The input Block Start

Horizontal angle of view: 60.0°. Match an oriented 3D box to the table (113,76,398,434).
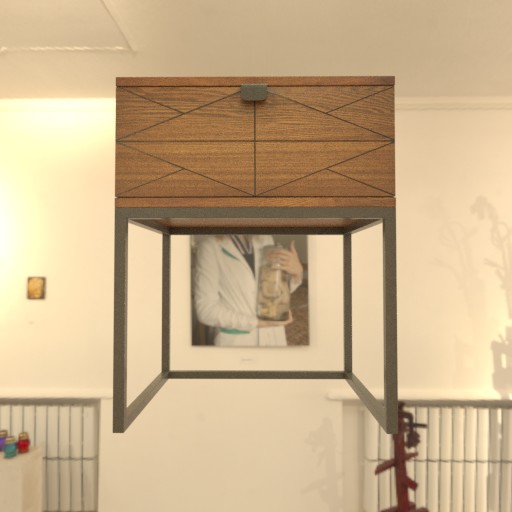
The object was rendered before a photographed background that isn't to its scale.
[{"bbox_3d":[0.000,0.000,0.942,0.482,0.610,0.400,0,-2,1],"label":"table"}]
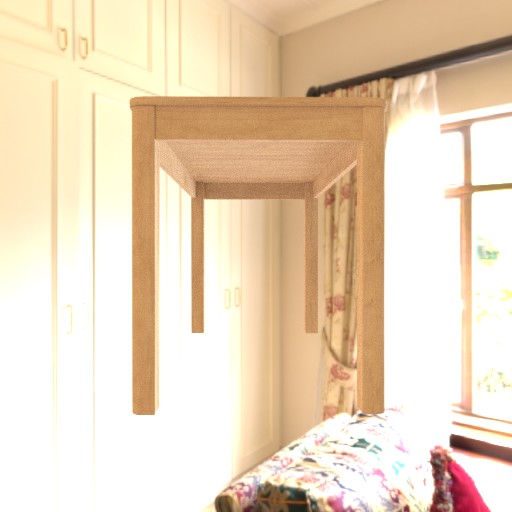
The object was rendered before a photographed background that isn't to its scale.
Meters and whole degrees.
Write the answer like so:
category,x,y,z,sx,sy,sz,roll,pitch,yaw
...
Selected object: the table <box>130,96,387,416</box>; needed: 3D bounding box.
category,x,y,z,sx,sy,sz,roll,pitch,yaw
table,0.000,0.000,1.948,0.750,0.900,1.400,0,0,-1
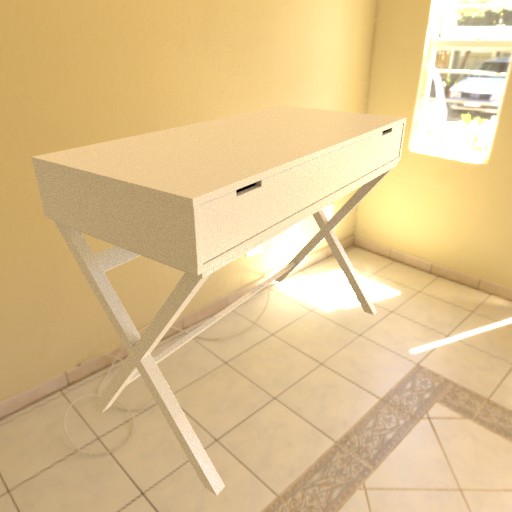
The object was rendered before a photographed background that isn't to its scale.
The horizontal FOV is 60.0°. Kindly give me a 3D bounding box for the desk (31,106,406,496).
[{"bbox_3d":[0.000,0.000,1.438,0.509,0.780,1.059,18,31,32],"label":"desk"}]
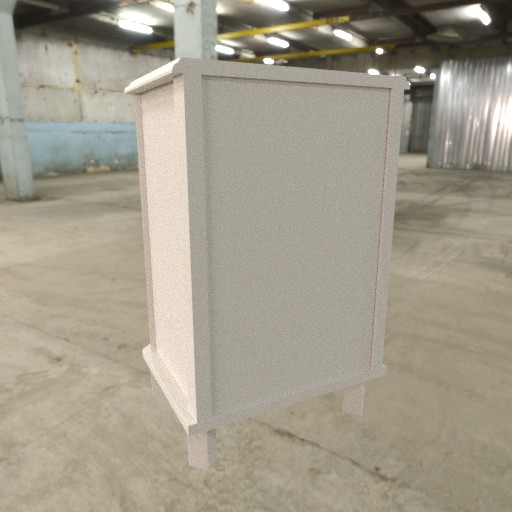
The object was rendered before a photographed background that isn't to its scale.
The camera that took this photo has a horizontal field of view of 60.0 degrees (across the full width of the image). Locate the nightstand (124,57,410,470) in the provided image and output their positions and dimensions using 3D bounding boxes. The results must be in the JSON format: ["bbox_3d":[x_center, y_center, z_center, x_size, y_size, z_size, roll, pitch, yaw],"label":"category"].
[{"bbox_3d":[0.000,0.000,0.921,0.435,0.681,0.351,-7,16,-27],"label":"nightstand"}]
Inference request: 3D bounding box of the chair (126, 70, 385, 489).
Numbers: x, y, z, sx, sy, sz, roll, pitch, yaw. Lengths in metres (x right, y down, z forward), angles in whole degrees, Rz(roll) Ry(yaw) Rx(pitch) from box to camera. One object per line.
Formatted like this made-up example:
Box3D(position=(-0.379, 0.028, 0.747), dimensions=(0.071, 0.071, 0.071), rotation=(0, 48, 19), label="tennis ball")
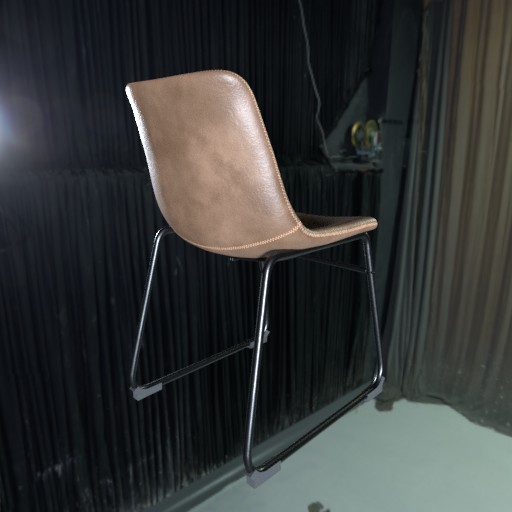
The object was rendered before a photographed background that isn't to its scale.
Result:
Box3D(position=(0.000, 0.000, 1.092), dimensions=(0.460, 0.780, 0.551), rotation=(14, 20, 43), label="chair")
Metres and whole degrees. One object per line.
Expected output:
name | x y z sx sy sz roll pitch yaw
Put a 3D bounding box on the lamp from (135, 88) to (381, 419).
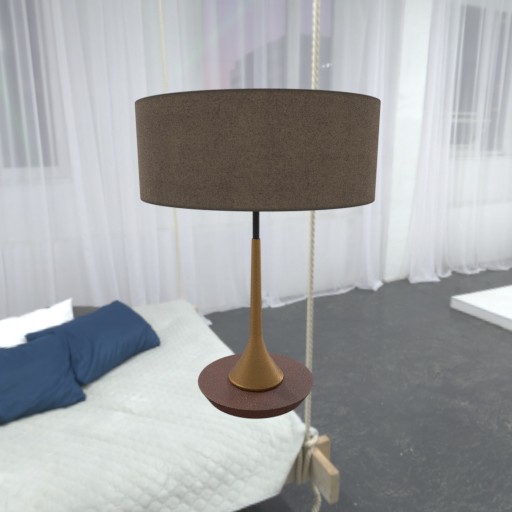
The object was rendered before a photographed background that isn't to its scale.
lamp | 0.000 0.000 0.819 0.396 0.551 0.417 -13 18 -43
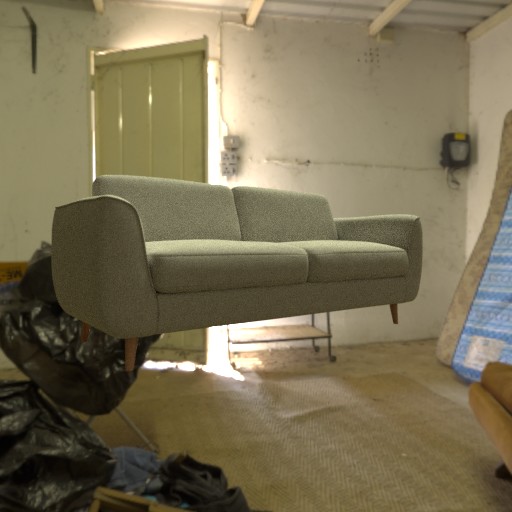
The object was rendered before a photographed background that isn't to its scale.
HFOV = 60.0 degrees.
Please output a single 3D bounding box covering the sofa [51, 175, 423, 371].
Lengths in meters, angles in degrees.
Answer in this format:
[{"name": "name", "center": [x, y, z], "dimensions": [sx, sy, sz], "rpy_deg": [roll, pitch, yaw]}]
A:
[{"name": "sofa", "center": [0.000, 0.000, 2.473], "dimensions": [2.000, 0.850, 0.920], "rpy_deg": [-1, 2, -37]}]
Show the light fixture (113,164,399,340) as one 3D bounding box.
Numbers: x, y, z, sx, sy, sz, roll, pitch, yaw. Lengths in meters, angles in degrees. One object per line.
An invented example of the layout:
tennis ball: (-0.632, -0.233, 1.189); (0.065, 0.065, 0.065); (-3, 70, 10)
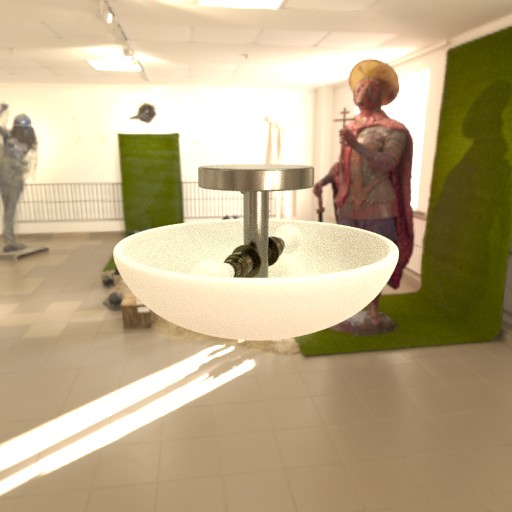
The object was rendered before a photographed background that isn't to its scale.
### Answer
light fixture: (0.000, 0.000, 0.540); (0.330, 0.214, 0.330); (0, 14, 0)
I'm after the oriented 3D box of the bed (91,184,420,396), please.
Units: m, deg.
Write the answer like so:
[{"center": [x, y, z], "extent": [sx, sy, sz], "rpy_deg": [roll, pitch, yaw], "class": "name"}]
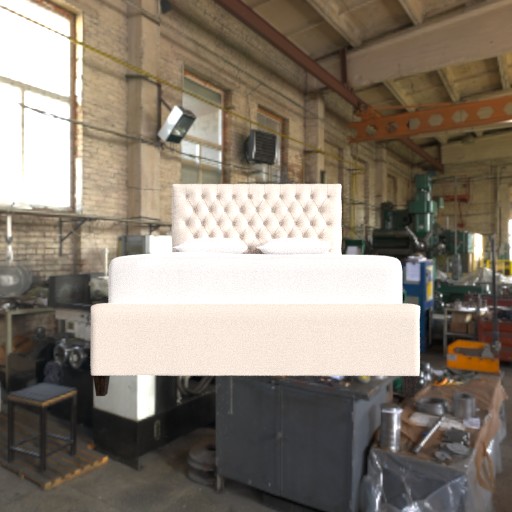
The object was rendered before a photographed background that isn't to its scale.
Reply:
[{"center": [0.000, 0.000, 3.340], "extent": [1.696, 1.426, 2.233], "rpy_deg": [0, 0, 0], "class": "bed"}]
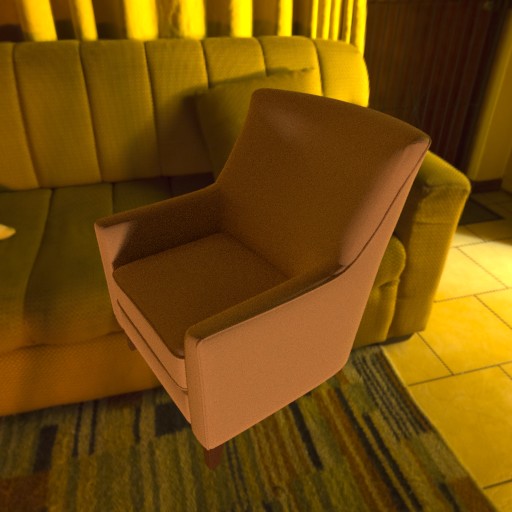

The input Block End

* Task details: Count the lines above in which the string "from" occurs, and write the number with no other text.

* Result for this exercise: 2